Далеко не первый раз Георгию приходилось держать в руках оружие, как и стрелять из него. Но, сейчас, когда ладони сжимали не штурмовую винтовку, а обычную магазинную с пятью патронами, он сильно засомневался в себе. В теории трёхлинейка имела большую точность, чем «Калаш», но ни сам Георгий, ни его копия из начала двадцатого века особой меткостью на отличались. А сейчас требовалось попасть в цель шагов с пятисот. В маршевой роте учили и на больших дистанциях работать, но одно дело — полигон, другое — когда враг наступает.

Всадники тронулись с места, их лошади неторопливым шагом двинулись к населённому пункту. Они не заметили разведчиков. Схватка была неминуема. Только бы Петька успел предупредить поручика. Но пока он его найдёт, пока всё объяснит, германцы будут здесь. И если они зайдут в деревню, то смогут занять оборону в какой-нибудь избе, и тогда их оттуда не выкуришь. «Нельзя подпустить их, — укоренилась в голове отчётливая мысль. — Хоть в лепёшку разбейся, а не пускай».

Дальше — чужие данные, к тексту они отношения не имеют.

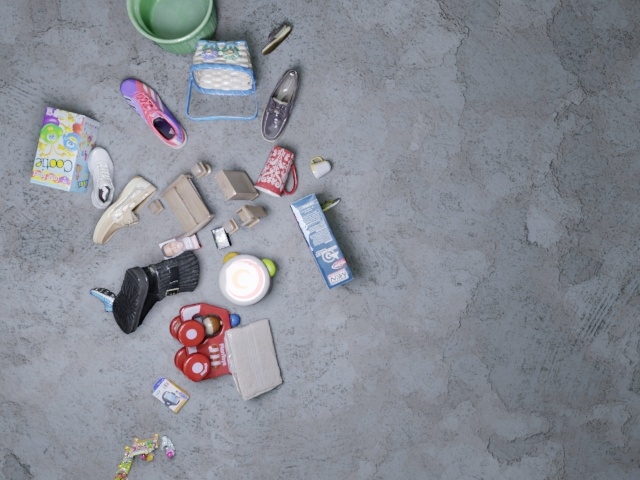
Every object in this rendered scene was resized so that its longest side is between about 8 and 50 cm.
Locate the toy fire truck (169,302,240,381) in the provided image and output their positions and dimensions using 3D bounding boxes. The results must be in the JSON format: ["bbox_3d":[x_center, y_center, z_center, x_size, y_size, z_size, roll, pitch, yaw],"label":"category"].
[{"bbox_3d":[-0.425,0.383,1.841,0.254,0.169,0.301,-9,93,-29],"label":"toy fire truck"}]

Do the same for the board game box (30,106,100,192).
[{"bbox_3d":[-0.929,-0.325,1.761,0.142,0.144,0.275,13,92,-3],"label":"board game box"}]

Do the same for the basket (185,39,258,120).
[{"bbox_3d":[-0.359,-0.572,1.746,0.255,0.201,0.288,-2,84,-4],"label":"basket"}]

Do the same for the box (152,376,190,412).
[{"bbox_3d":[-0.593,0.604,1.896,0.136,0.028,0.081,39,91,-6],"label":"box"}]

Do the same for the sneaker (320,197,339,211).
[{"bbox_3d":[0.036,-0.146,1.880,0.083,0.031,0.035,-33,94,-1],"label":"sneaker"}]

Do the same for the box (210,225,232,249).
[{"bbox_3d":[-0.381,-0.011,1.850,0.052,0.062,0.083,-17,95,-1],"label":"box"}]

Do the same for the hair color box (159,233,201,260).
[{"bbox_3d":[-0.539,0.020,1.854,0.141,0.043,0.071,-21,95,-1],"label":"hair color box"}]

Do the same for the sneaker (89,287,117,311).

— Иди сюда, — Георгий махнул рукой ефрейтору. — Их нельзя пускать сюда. Попробуем пугнуть.

Кавалеристы тем временем пересекли ручей. Дорога же уходила за избы. Оставались считаные секунды, чтобы принять решение, иначе враг скроется из виду. Георгий с ефрейтором оказались двое против восьми. Когда подойдёт поручик, непонятно. Петька его полчаса только искать будет.

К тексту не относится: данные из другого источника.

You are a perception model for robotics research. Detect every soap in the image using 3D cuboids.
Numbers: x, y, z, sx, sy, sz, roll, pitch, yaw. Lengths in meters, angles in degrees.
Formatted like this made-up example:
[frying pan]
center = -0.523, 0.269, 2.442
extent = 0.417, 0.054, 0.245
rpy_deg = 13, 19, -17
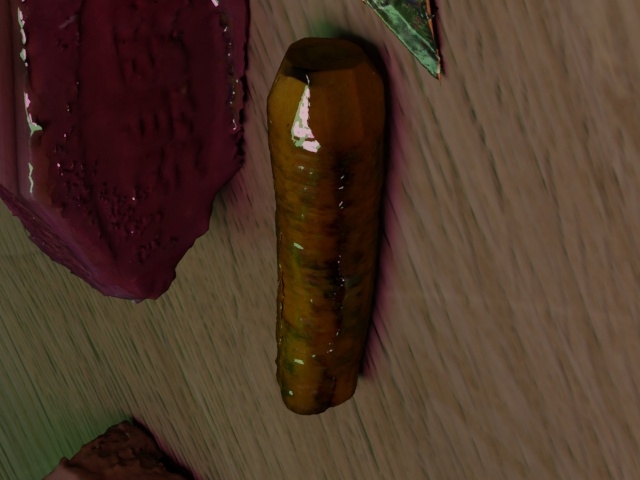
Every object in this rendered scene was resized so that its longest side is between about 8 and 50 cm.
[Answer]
[soap]
center = -0.137, -0.095, 0.823
extent = 0.112, 0.182, 0.289
rpy_deg = 26, 128, 34

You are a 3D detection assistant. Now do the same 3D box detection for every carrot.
[carrot]
center = 0.000, 0.000, 0.825
extent = 0.070, 0.070, 0.260
rpy_deg = 32, 137, 32

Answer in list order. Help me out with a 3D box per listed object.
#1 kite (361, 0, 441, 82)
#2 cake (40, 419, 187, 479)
[kite]
center = 0.023, -0.194, 0.704
extent = 0.183, 0.014, 0.241
rpy_deg = 8, 121, 43
[cake]
center = -0.190, 0.360, 1.123
extent = 0.256, 0.290, 0.282
rpy_deg = 38, 142, 27

Адреналин бурлил, руки стали деревянными, словно не своими. Положение для стрельбы казалось дико неудобным, никак не получалось надёжно упереть локоть, мушка мелко подрагивала. Фигуры германцев на конях всё ещё были слишком мелкими, чтобы нормально в них прицелиться, ещё и двигались, но ближе подпускать нельзя. А тут и ефрейтор подоспел и распластался в снегу перед поломанной изгородью, направив оружие на врага.

Палец в вязаной перчатке нажал на спуск. Хлопнул выстрел, двинув отдачей в плечо. Всадники резко натянули поводья, стали озираться по сторонам, команды на немецком смешались с отрывистым ржанием и фырканьем лошадей. Никто не упал.

Дрожащая от напряжения ладонь передёрнула затвор, выбив пустую гильзу. Георгий выстрелил снова, почти не целясь, лишь бы противник не опомнился. На мушке оказался человек, размахивающий пистолетом, но попадания опять не случилось.

Винтовка ефрейтора тоже хлопнула. Раздались несколько ответных выстрелов. Кавалеристы пальнули наугад, развернули лошадей и пустили их галопом прочь от деревни. Георгий опустошил обойму. Всё — мимо. Ефрейтор тоже ни разу не попал.

— Вот же холера! Ушли! — возмутился Колотило. — Надо было ближе подпустить! Ты зачем стрелял без приказа?

Георгий внимательно посмотрел на ефрейтора. Тот выглядел раздражённым.

— Чего уставился? Спрашиваю, чего стрелял без приказа? — щекастое лицо Колотило надулось от недовольства.

— Потому что, если бы промедлил, противник зашёл бы в деревню.

— И что?

— Занял бы позицию в домах, и мы не выкурили бы его оттуда никогда.

— Только старший по званию я, и ты должен слушаться.

— Разумеется, — Георгий переключился на винтовку и стал запихивать патроны из следующей обоймы. С придурком ефрейтором общаться желания не было. Германцы же быстро скрылись из виду за деревьями и складками местности.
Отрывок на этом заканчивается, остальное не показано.